## Instructions to follow
I'd like every entry transcribed word for word, with no pictures.

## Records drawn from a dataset
****
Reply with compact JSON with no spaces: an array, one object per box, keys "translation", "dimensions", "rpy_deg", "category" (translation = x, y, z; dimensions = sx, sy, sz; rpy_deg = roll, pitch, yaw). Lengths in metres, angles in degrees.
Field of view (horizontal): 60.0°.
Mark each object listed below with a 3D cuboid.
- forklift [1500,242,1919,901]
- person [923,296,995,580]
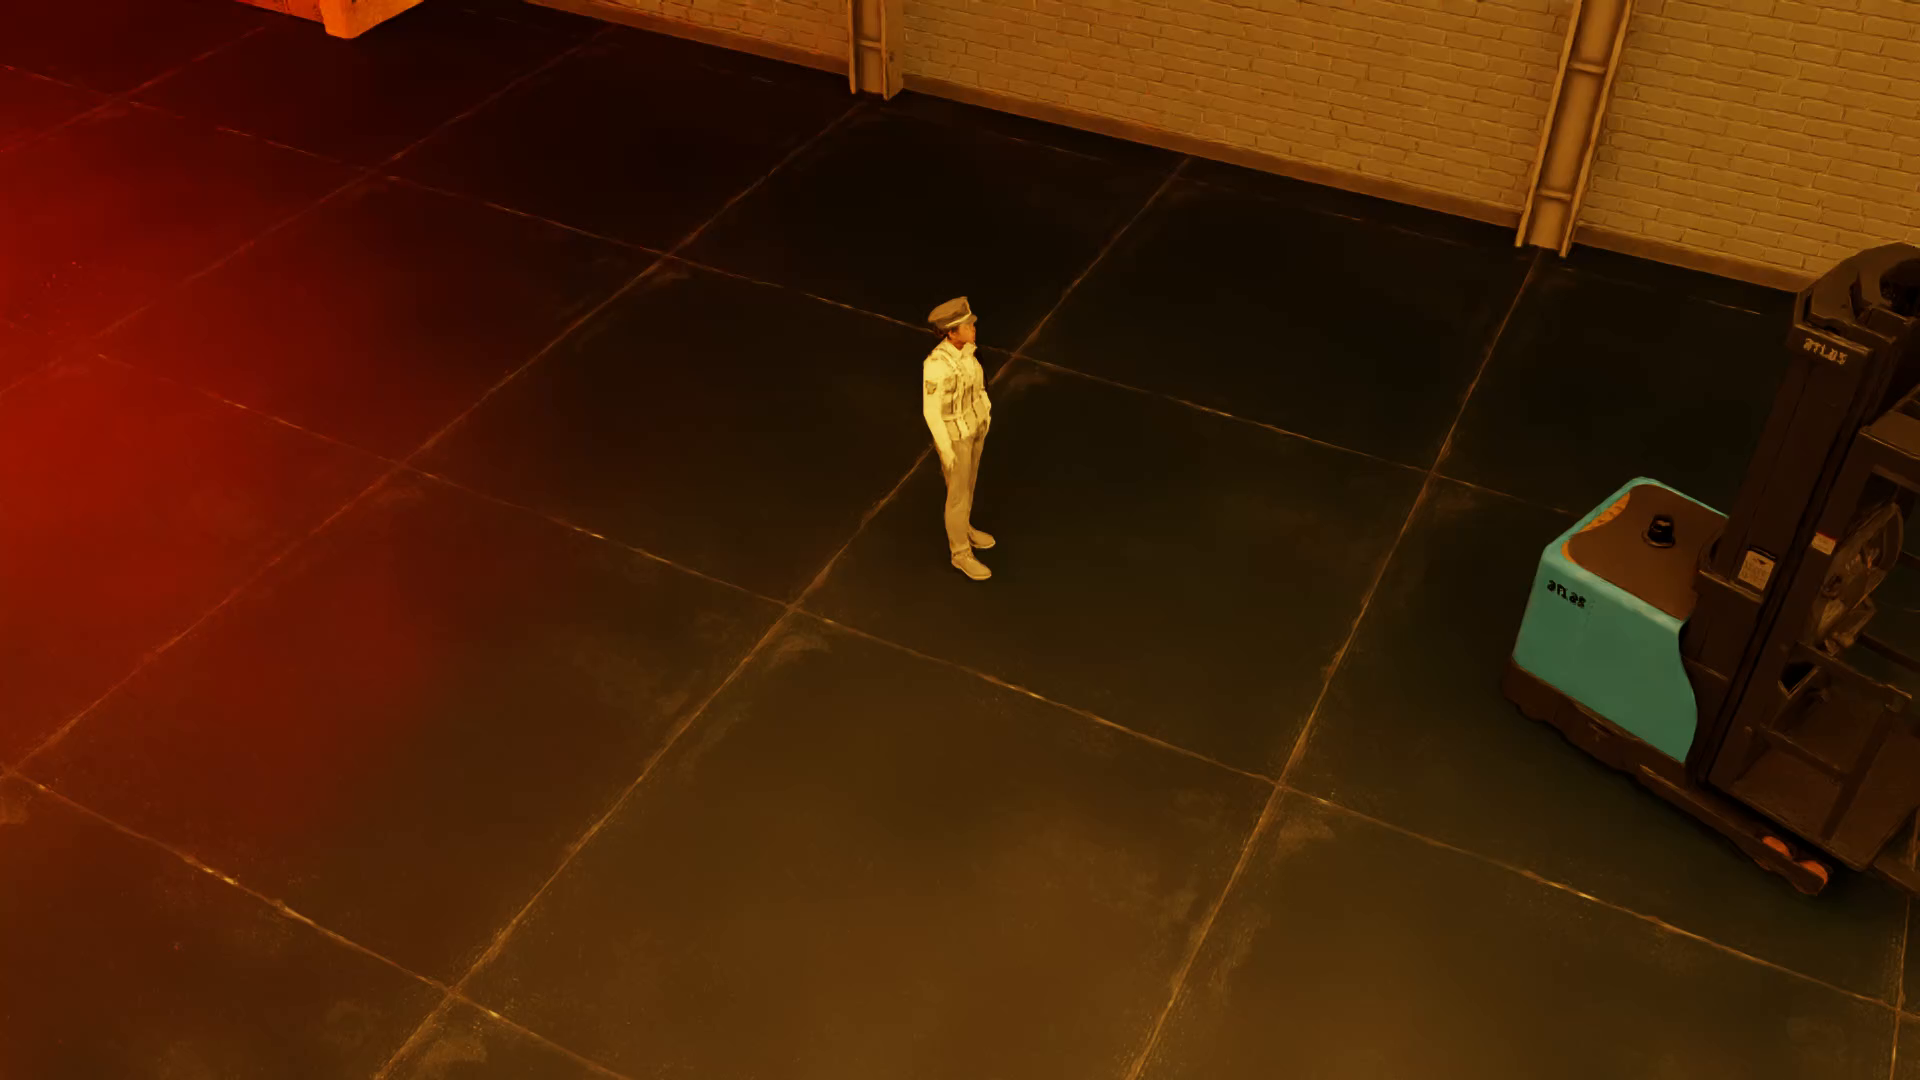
[{"translation":[4.350,0.242,7.699],"dimensions":[1.130,2.935,3.031],"rpy_deg":[-31,49,-31],"category":"forklift"},{"translation":[0.057,-0.630,9.682],"dimensions":[0.533,1.695,0.586],"rpy_deg":[18,43,21],"category":"person"}]
****
## Result of this exercise
Reply with compact JSON with no spaces: an array, one object per box, keys "translation", "dimensions", "rpy_deg", "category" (translation = x, y, z; dimensions = sx, sy, sz; rpy_deg = roll, pitch, yaw). Lengths in metres, angles in degrees.
Field of view (horizontal): 60.0°.
Mark each object listed below with a 3D cuboid.
- forklift [1500,242,1919,901]
- person [923,296,995,580]
[{"translation":[4.350,0.242,7.699],"dimensions":[1.130,2.935,3.031],"rpy_deg":[-31,49,-31],"category":"forklift"},{"translation":[0.057,-0.630,9.682],"dimensions":[0.533,1.695,0.586],"rpy_deg":[18,43,21],"category":"person"}]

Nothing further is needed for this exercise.